▶ **Required work**:
Take the line with "Answer: 2011 How" and every line after it in the data. Transcribe them exactly, through the last.

*** Opening Records supplied ***

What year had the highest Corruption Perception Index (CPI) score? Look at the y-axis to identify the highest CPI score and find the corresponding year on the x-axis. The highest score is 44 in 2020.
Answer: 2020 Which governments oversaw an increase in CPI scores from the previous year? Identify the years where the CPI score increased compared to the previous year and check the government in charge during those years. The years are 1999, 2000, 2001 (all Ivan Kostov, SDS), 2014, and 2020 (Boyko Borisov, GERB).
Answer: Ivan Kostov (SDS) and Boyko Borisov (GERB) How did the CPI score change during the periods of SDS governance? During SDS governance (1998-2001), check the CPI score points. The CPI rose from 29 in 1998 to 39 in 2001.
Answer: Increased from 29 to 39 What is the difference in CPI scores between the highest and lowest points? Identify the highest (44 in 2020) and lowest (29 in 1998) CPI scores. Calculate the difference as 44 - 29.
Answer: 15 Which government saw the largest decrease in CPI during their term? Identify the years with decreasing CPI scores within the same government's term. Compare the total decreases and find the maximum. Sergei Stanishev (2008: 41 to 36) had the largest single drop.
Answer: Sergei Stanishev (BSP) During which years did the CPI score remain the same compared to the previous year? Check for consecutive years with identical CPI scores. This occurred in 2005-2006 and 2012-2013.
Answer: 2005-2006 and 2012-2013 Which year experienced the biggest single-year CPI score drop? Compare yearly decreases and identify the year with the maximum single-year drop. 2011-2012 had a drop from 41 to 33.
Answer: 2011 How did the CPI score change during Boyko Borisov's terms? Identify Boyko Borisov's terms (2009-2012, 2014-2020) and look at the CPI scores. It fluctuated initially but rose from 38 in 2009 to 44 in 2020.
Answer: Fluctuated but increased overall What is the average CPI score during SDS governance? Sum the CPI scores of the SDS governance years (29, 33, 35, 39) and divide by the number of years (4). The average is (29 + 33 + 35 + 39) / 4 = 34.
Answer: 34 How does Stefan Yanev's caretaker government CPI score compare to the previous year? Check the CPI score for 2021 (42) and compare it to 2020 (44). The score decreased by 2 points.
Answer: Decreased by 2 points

*** Closing Records supplied ***

▶ **Response**:
Answer: 2011 How did the CPI score change during Boyko Borisov's terms? Identify Boyko Borisov's terms (2009-2012, 2014-2020) and look at the CPI scores. It fluctuated initially but rose from 38 in 2009 to 44 in 2020.
Answer: Fluctuated but increased overall What is the average CPI score during SDS governance? Sum the CPI scores of the SDS governance years (29, 33, 35, 39) and divide by the number of years (4). The average is (29 + 33 + 35 + 39) / 4 = 34.
Answer: 34 How does Stefan Yanev's caretaker government CPI score compare to the previous year? Check the CPI score for 2021 (42) and compare it to 2020 (44). The score decreased by 2 points.
Answer: Decreased by 2 points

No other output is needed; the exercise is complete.